The protocol described here removes the list. Signers prove eligibility against an external credential layer, sign at most once per petition, and submit through a relayer that aggregates many signatures into a single batched proof on Ethereum. The on-chain artifacts are per-class counts and a Boolean outcome, verifiable from L1 as long as the EIP-4844 blob payloads remain reachable through consensus retention or, past that window, a voluntary archive. A future government, a successor regime, or a coerced platform operator can demand the list, but the protocol does not produce one to hand over.

The implementation is open source, with a detailed specification. Sybil resistance is delegated to the ResilientIdentity credential layer from the first post in this series.

How petition signing breaks today

The standard model is a three-party chain. A trusted organiser publishes the petition and collects signatures. A verifying authority (election commission, NGO compliance team, civic-tech vendor) checks each signature against a population register or a digital ID. The same state that lets this chain function in good conditions makes it brittle.
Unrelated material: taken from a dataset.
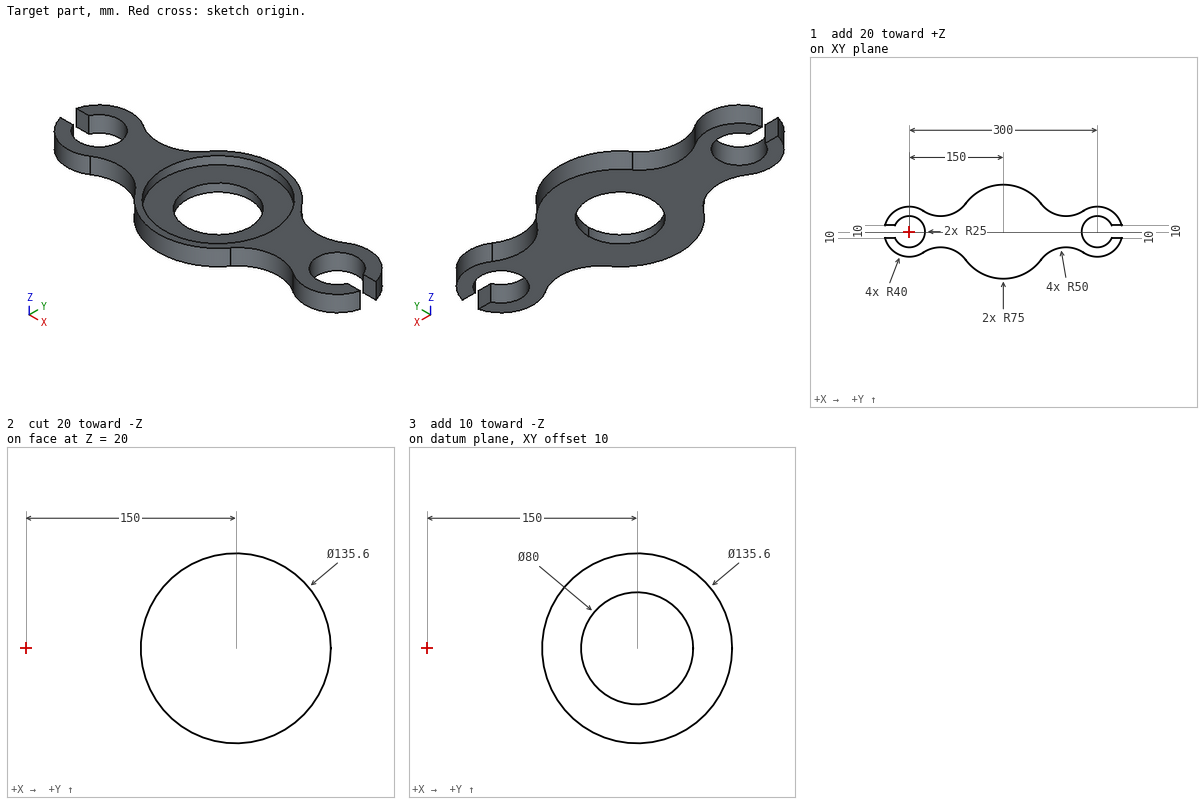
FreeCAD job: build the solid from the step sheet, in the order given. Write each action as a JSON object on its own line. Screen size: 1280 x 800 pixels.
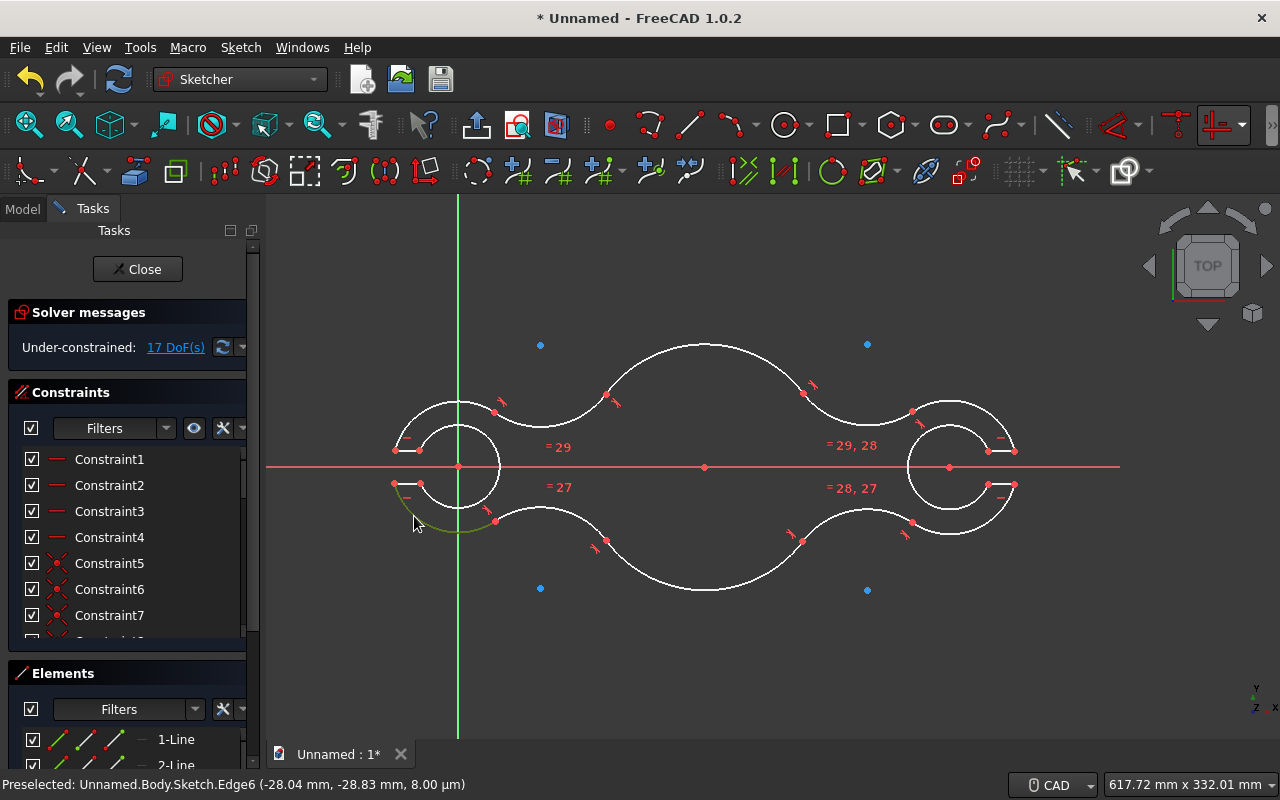
{"action": "left_click", "coordinate": [949, 534]}

The European Citizens’ Initiative, the EU’s only direct-democracy instrument, requires signers in 18 of 27 member states to surrender their national identifier or passport number, along with full name, address, date of birth, and nationality, to a state verifying authority. The ECI is well-regulated and GDPR-compliant; it is also a compelled-collection surface by design. Online petition platforms (Change.org, We the People, and most civic-tech notaries) keep the signer list on a centralised database tied to email accounts and are subject to data-retention orders, subpoenas, and payment-processor pressure.
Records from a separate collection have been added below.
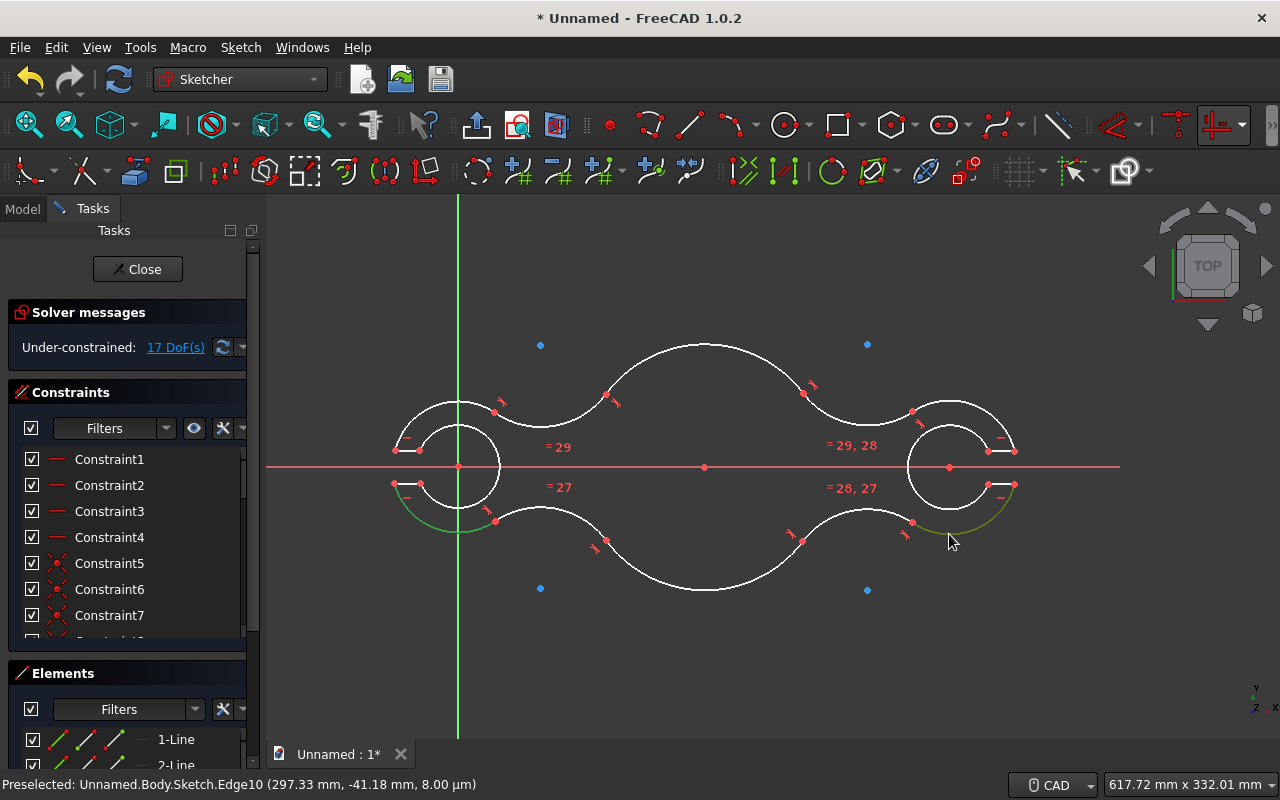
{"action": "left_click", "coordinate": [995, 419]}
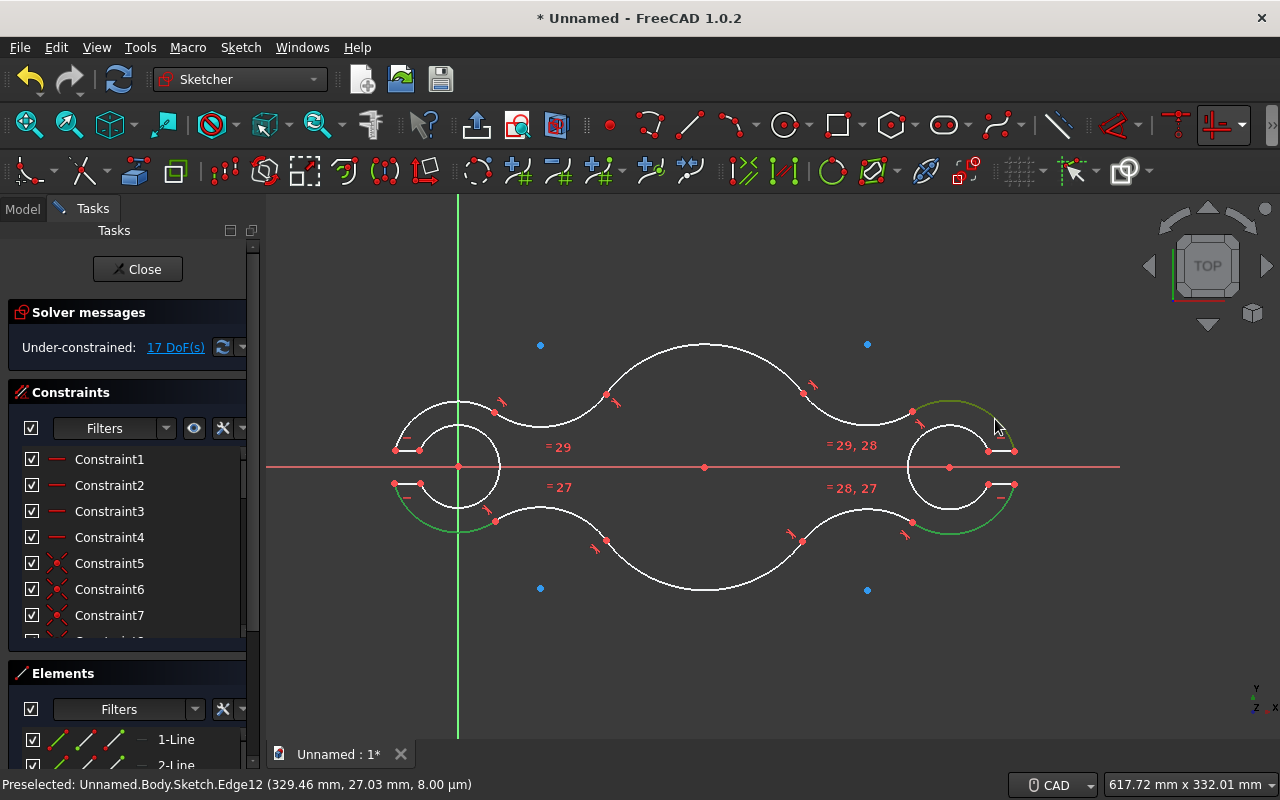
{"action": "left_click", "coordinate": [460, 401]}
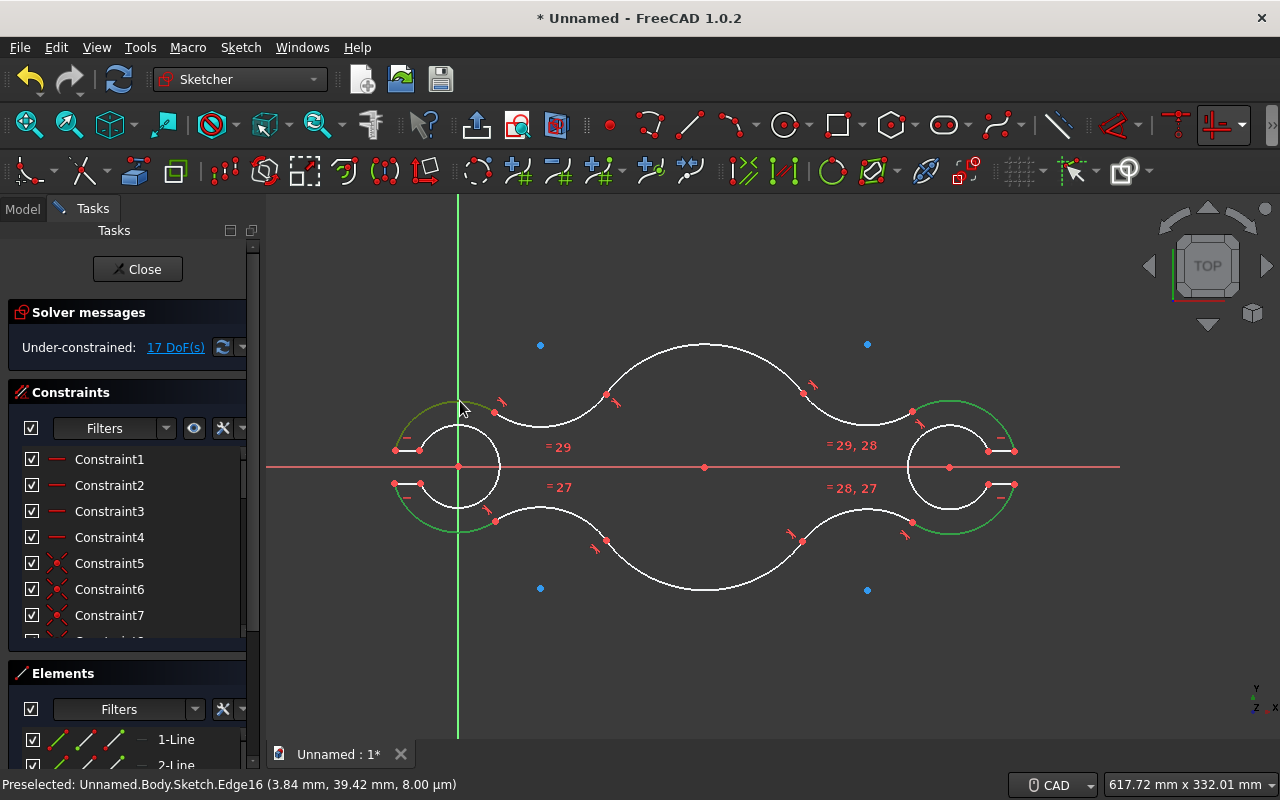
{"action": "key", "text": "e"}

Signers in adversarial jurisdictions face additional constraints: intermittent network access, no consistent device identity, and a meaningful probability of device seizure between sessions. The protocol assumes any party who can be reached by a subpoena will eventually be reached by one.

What we built

Organizer registers and funds a petition against the ResilientIdentity root R; signers build SNARKs that relayers aggregate into batches against the petition registry; disputants can repudiate active batches and a resolver closes the round.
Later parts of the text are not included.